One of Thayer’s most notable legislative interventions concerned the use of portraits of living persons on United States currency. Disturbed by what he regarded as an abuse of the Treasury’s discretion in selecting portraits for federal notes and securities, he publicly criticized the practice on the House floor. Spearheaded by Thayer, Congress enacted legislation on April 7, 1866, specifically providing “that no portrait or likeness of any living person hereafter engraved, shall be placed upon any of the bonds, securities, notes, fractional or postal currency of the United States.” This measure helped establish a lasting norm in U.S. monetary design. Thayer declined to be a candidate for re-election in 1866 and, upon the expiration of his second term, resumed the practice of law in Philadelphia.
Following his congressional service, Thayer embarked on a distinguished judicial career. He served as a judge of the district court of Philadelphia from 1867 to 1874, presiding over a wide range of civil and criminal matters in one of the nation’s largest cities. In 1874 he was elevated to the position of president judge of the court of common pleas of Philadelphia, a leading trial court of general jurisdiction, and he held that office until his resignation in 1896. His long tenure on the bench reflected both his legal acumen and the confidence placed in him by the Pennsylvania judiciary and bar.
Thayer’s public service extended beyond the courtroom. In 1873 he was appointed to the board of visitors to the United States Military Academy at West Point and was responsible for writing the board’s report, thus contributing to oversight of the nation’s premier military educational institution.
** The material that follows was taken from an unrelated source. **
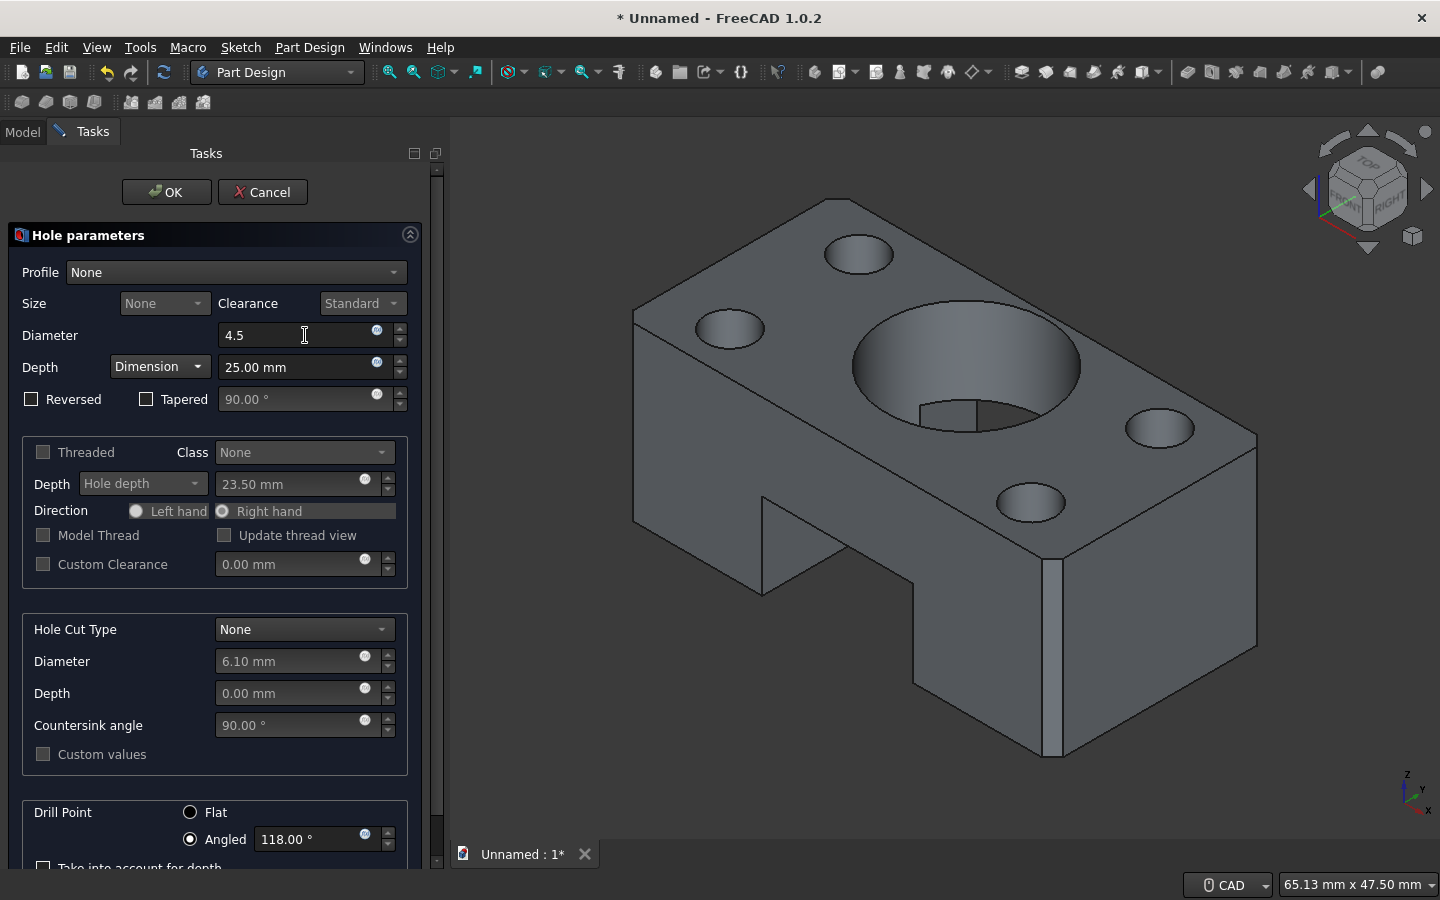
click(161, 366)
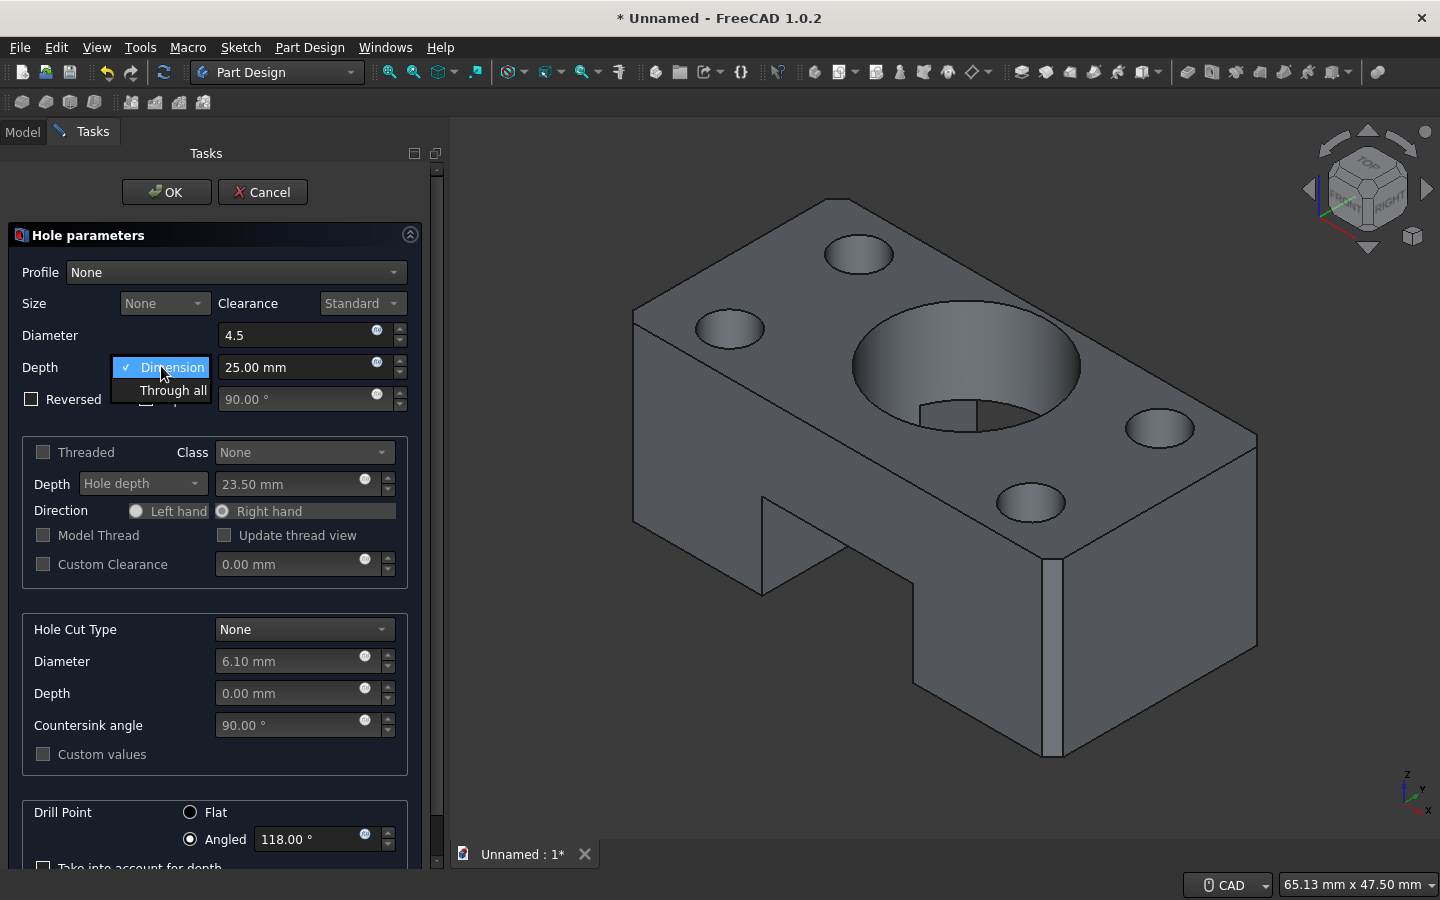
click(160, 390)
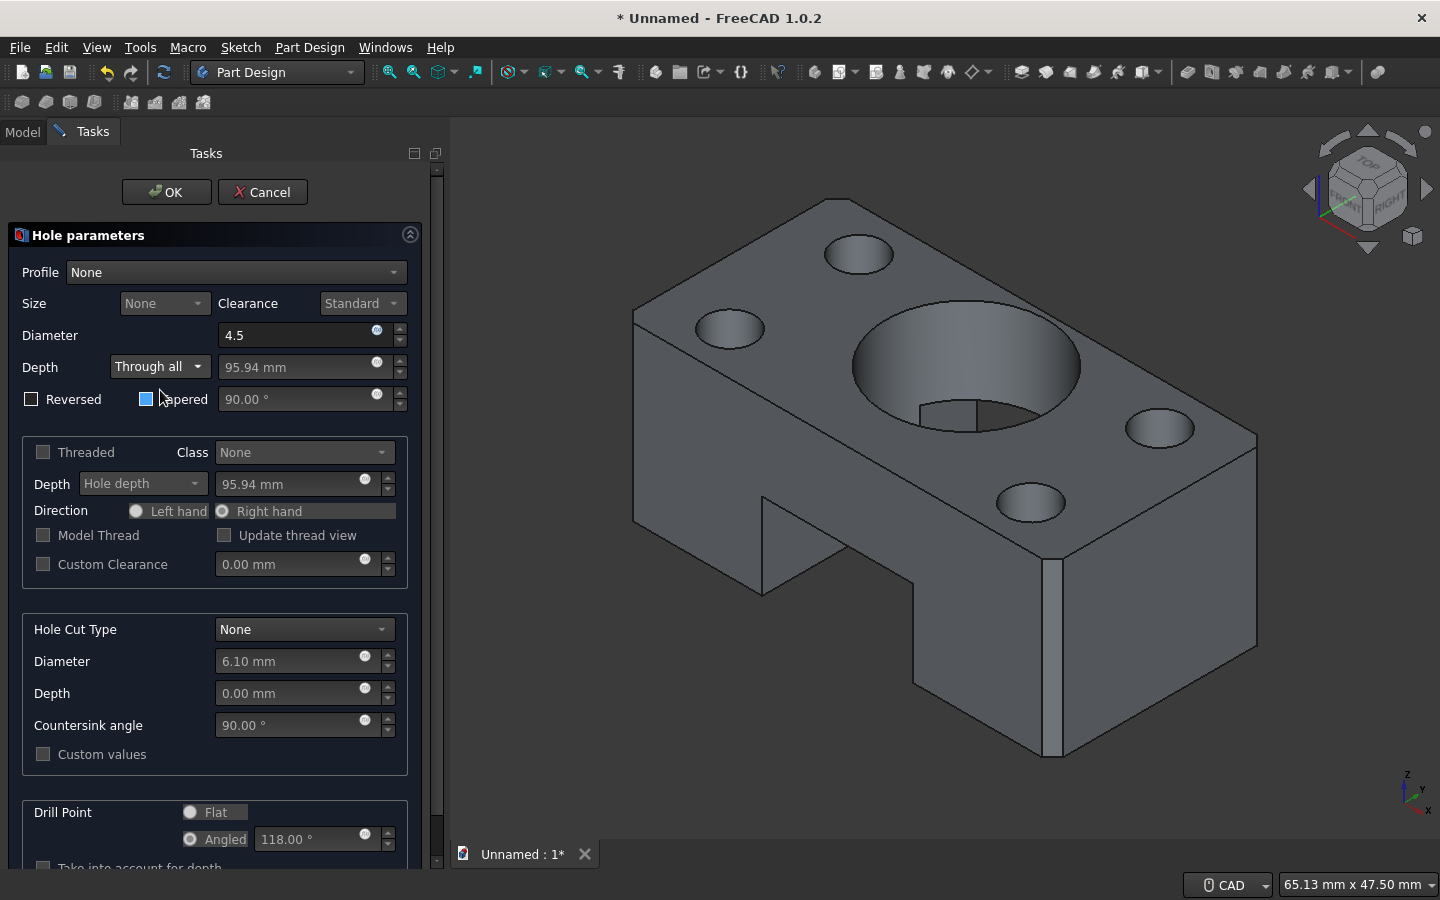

This appointment had a family resonance: some forty years earlier, his cousin Sylvanus Thayer had served as superintendent of West Point and was widely credited with professionalizing the academy. In 1877 Martin Russell Thayer was elected a member of the American Philosophical Society, one of the oldest learned societies in the United States, reflecting his standing in intellectual and professional circles. In 1896, after resigning from the bench, he was elected by the judges of the court of common pleas as prothonotary of Philadelphia, assuming responsibility for important administrative and record-keeping functions of the court.
In addition to his legal and political work, Thayer engaged in extensive literary pursuits. Over several decades he authored a number of books and pamphlets on law, history, political thought, and public institutions. Among his works were “The Duties of Citizenship” (Philadelphia, 1862); “A Reply to Mr. Charles Ingersoll’s ‘Letter to a Friend in a Slave State’” (Philadelphia, 1862); “The Great Victory: its Cost and Value” (1865), reflecting on the outcome of the Civil War; “The Law considered as a Progressive Science” (1870), a meditation on legal development; “On Libraries” (1871); “The Life and Works of Francis Lieber” (1873), a study of the prominent jurist and political philosopher; and “The Battle of Germantown” (1878), a historical account of the Revolutionary War engagement near Philadelphia. These writings underscored his interest in civic education, legal theory, and American history.
Martin Russell Thayer spent his later years in Philadelphia, remaining a respected figure in the city’s legal, intellectual, and civic life. He died in Philadelphia on October 14, 1906. He was buried in the churchyard of the Church of St. James the Less in Philadelphia, a historic Episcopal parish whose cemetery contains the graves of many notable Philadelphians.